A dupla inventou um rapaz de aparência indefesa, mas esperto, que os ajudou, em parte, a curar as feridas da vida.

"O Pequeno Nicolau" foi um sucesso imediato em França, enquanto no exterior tornou-se o companheiro essencial para gerações de crianças que aprendiam francês.

O processo criativo de "O Pequeno Nicolau" será revelado num documentário a estrear a 12 de outubro em França.

Sempé e Goscinny
créditos: AFP

"Petit Nicolas - Qu'est-ce qu'on attend pour être heureux?" é uma obra de Amandine Fredon e Benjamin Massoubre, que entrevistaram Sempé antes da sua morte.
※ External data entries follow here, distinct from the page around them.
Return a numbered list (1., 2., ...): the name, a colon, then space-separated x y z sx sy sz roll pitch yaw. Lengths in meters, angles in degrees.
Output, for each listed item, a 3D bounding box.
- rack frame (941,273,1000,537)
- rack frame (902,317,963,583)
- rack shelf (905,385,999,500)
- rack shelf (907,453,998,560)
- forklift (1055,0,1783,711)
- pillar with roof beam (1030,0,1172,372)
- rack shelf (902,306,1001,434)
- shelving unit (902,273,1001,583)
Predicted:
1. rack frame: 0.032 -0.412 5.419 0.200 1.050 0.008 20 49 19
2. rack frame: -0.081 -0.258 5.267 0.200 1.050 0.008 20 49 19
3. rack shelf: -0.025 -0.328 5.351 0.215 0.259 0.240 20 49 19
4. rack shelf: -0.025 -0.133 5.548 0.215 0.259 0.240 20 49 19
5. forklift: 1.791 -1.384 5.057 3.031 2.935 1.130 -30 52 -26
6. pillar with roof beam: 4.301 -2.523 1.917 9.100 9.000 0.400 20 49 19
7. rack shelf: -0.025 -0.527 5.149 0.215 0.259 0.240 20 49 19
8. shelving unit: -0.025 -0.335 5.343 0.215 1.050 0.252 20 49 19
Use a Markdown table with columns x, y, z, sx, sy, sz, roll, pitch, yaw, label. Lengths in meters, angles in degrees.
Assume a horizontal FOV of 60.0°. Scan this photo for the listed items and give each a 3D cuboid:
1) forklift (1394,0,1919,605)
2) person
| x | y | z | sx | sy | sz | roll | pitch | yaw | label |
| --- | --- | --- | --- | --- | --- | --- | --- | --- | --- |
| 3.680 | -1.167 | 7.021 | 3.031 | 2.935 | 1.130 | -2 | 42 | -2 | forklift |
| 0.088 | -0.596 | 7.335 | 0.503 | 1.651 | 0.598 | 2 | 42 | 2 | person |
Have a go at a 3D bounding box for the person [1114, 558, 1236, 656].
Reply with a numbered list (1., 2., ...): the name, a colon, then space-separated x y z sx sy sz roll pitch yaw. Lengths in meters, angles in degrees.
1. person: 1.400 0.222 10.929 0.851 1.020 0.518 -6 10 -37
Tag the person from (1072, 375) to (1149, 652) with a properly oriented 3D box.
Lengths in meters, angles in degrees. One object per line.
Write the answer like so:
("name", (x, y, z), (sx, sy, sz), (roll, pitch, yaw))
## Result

Em junho, o documentário ganhou o Crystal d'Or no Festival de Animação de Annecy.

Através de imagens e depoimentos do cartunista, o documentário mostra uma França distante da imagem de cartão postal dos anos 1950.

Parceria com Goscinny

Goscinny, que também foi coautor de Astérix e argumentista do cartunista Morris (pai de Lucky Luke), conheceu Sempé em Paris em 1953.

Goscinny havia chegado à Argentina antes da Segunda Guerra Mundial (1939-1945) com os pais, num ambiente de crescente antissemitismo na Europa.

O Pequeno Nicolau

O argumentista sonhava em trabalhar nos estúdios Walt Disney e estabeleceu-se durante algum tempo nos Estados Unidos com essa ideia.

Mas acabou por desembarcar no seu país de origem. Quando encontrou Sempé já era um viajante experiente, mas as feridas da infância e da adolescência ainda estavam abertas.

Sempé nasceu numa família humilde em Bordéus. O seu padrasto espancava-o, a sua mãe era negligente. Ele fugiu então daquele ambiente em direção a Paris, com o seu caderno de desenhos debaixo do braço.

Sempé
créditos: AFP

A criação de "O Pequeno Nicolau" é "uma história de superação, de dois homens cuja infância foi roubada, um por causa da Shoah e outro pelas mãos de um padrasto abusivo", explicou à AFP Benjamin Massoubre, um dos correalizadores da animação, em Annecy.

A sua resposta foi criar uma personagem doce e um pouco rebelde.

"Goscinny era um viajante", explica Massoubre. Sempé era um provinciano que adorava jazz e que se sentia à vontade anónimo, numa Paris onde podia passear e desenhar os seus habitantes.

Os cineastas trabalharam em estreita colaboração com a filha de Goscinny, que lhes deu acesso aos arquivos do artista. E com Sempé conseguiram os primeiros esboços da personagem, cujos livros já venderam mais de 15 milhões de cópias.

"Para sermos fieis ao seu universo, começámos a organizar os seus desenhos por temas: os restaurantes, os bares, as árvores", explica Amandine Fredon. Esses desenhos permitiram aos poucos animar o documentário.

O traço extremamente simples de Sempé é enganoso, asseguram. "É muito difícil reproduzi-lo", reconhece a cineasta.

O filme torna-se, por coincidência do calendário, um adeus comovente ao artista.